Dataset items

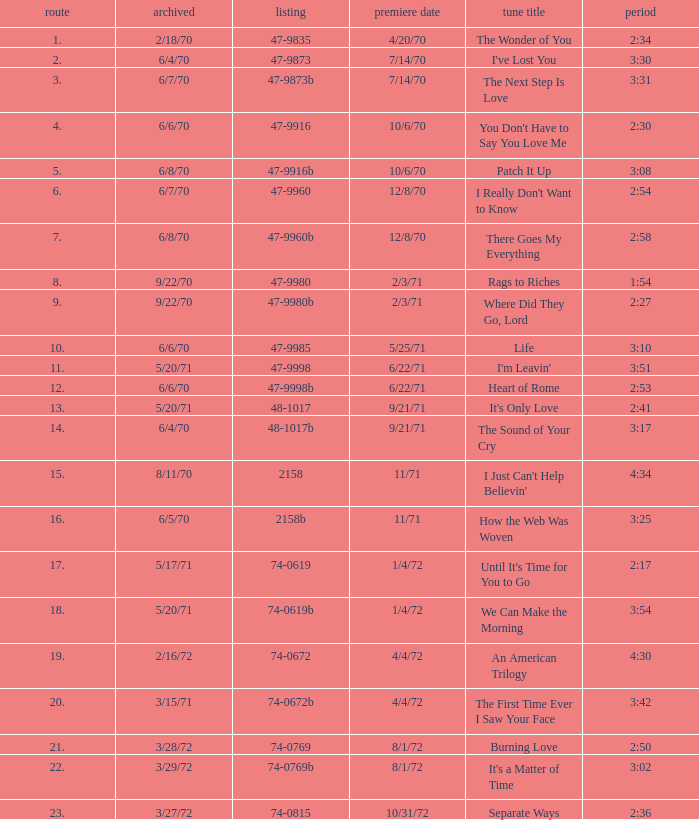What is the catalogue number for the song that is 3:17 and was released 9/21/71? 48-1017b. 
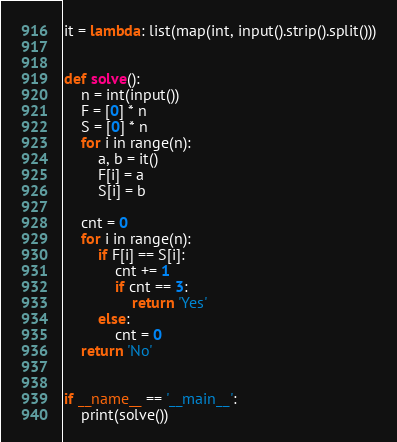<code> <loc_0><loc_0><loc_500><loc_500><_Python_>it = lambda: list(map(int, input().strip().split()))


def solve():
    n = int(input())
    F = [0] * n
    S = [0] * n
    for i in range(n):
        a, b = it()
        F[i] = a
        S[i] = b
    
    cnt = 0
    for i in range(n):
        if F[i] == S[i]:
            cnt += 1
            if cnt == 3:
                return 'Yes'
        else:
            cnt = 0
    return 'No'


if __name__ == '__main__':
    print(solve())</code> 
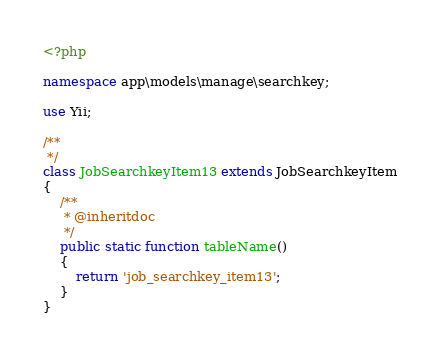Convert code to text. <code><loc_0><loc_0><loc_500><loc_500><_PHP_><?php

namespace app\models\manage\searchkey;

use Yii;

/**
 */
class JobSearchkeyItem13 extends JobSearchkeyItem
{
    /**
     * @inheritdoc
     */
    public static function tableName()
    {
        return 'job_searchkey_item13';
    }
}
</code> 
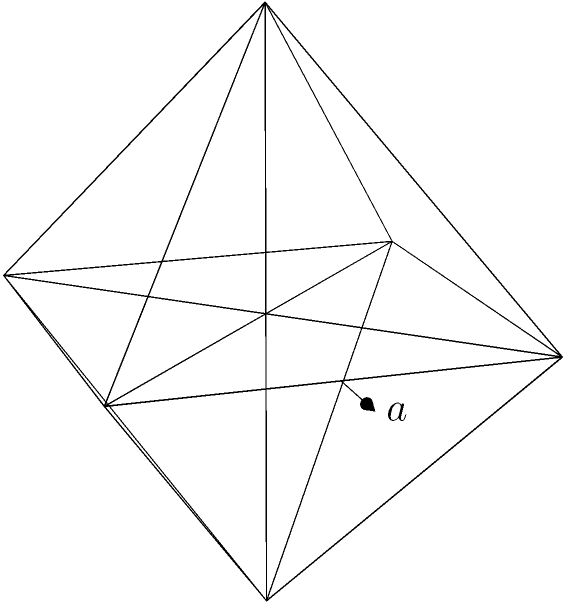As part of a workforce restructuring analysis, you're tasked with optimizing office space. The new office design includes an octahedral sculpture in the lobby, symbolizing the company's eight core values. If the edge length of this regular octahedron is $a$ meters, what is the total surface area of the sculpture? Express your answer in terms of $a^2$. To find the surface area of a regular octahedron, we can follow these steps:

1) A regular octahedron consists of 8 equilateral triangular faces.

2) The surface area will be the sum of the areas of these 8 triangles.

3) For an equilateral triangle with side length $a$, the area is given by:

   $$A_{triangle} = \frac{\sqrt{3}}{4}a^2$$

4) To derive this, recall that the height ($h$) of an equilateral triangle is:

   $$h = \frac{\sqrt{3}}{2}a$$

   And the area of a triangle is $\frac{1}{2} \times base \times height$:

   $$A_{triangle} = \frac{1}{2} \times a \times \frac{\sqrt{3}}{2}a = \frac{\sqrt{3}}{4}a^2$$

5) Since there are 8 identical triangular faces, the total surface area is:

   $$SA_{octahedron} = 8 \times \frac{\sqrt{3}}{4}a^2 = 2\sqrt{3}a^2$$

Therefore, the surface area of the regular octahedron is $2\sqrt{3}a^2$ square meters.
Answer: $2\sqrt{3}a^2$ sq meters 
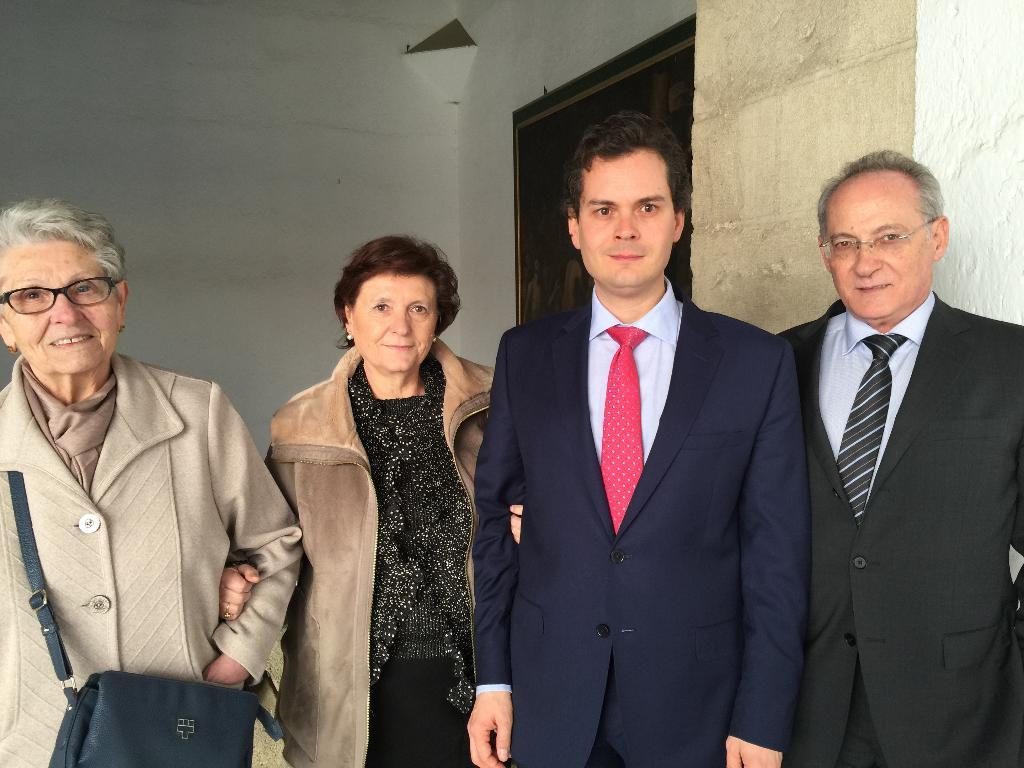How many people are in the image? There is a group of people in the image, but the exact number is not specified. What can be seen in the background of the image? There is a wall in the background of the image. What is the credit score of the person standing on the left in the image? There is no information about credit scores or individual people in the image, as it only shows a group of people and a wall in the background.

■ **Activity**
For the data above, return an exact copy that contains no pictures.

■ **Exercise result**
What is the catalogue number for the song that is 3:17 and was released 9/21/71? 48-1017b. 
<code> <loc_0><loc_0><loc_500><loc_500><_Python_>it = lambda: list(map(int, input().strip().split()))


def solve():
    n = int(input())
    F = [0] * n
    S = [0] * n
    for i in range(n):
        a, b = it()
        F[i] = a
        S[i] = b
    
    cnt = 0
    for i in range(n):
        if F[i] == S[i]:
            cnt += 1
            if cnt == 3:
                return 'Yes'
        else:
            cnt = 0
    return 'No'


if __name__ == '__main__':
    print(solve())</code> 
Convert code to text. <code><loc_0><loc_0><loc_500><loc_500><_PHP_><?php

namespace app\models\manage\searchkey;

use Yii;

/**
 */
class JobSearchkeyItem13 extends JobSearchkeyItem
{
    /**
     * @inheritdoc
     */
    public static function tableName()
    {
        return 'job_searchkey_item13';
    }
}
</code> 
As part of a workforce restructuring analysis, you're tasked with optimizing office space. The new office design includes an octahedral sculpture in the lobby, symbolizing the company's eight core values. If the edge length of this regular octahedron is $a$ meters, what is the total surface area of the sculpture? Express your answer in terms of $a^2$. To find the surface area of a regular octahedron, we can follow these steps:

1) A regular octahedron consists of 8 equilateral triangular faces.

2) The surface area will be the sum of the areas of these 8 triangles.

3) For an equilateral triangle with side length $a$, the area is given by:

   $$A_{triangle} = \frac{\sqrt{3}}{4}a^2$$

4) To derive this, recall that the height ($h$) of an equilateral triangle is:

   $$h = \frac{\sqrt{3}}{2}a$$

   And the area of a triangle is $\frac{1}{2} \times base \times height$:

   $$A_{triangle} = \frac{1}{2} \times a \times \frac{\sqrt{3}}{2}a = \frac{\sqrt{3}}{4}a^2$$

5) Since there are 8 identical triangular faces, the total surface area is:

   $$SA_{octahedron} = 8 \times \frac{\sqrt{3}}{4}a^2 = 2\sqrt{3}a^2$$

Therefore, the surface area of the regular octahedron is $2\sqrt{3}a^2$ square meters.
Answer: $2\sqrt{3}a^2$ sq meters 
How many people are in the image? There is a group of people in the image, but the exact number is not specified. What can be seen in the background of the image? There is a wall in the background of the image. What is the credit score of the person standing on the left in the image? There is no information about credit scores or individual people in the image, as it only shows a group of people and a wall in the background.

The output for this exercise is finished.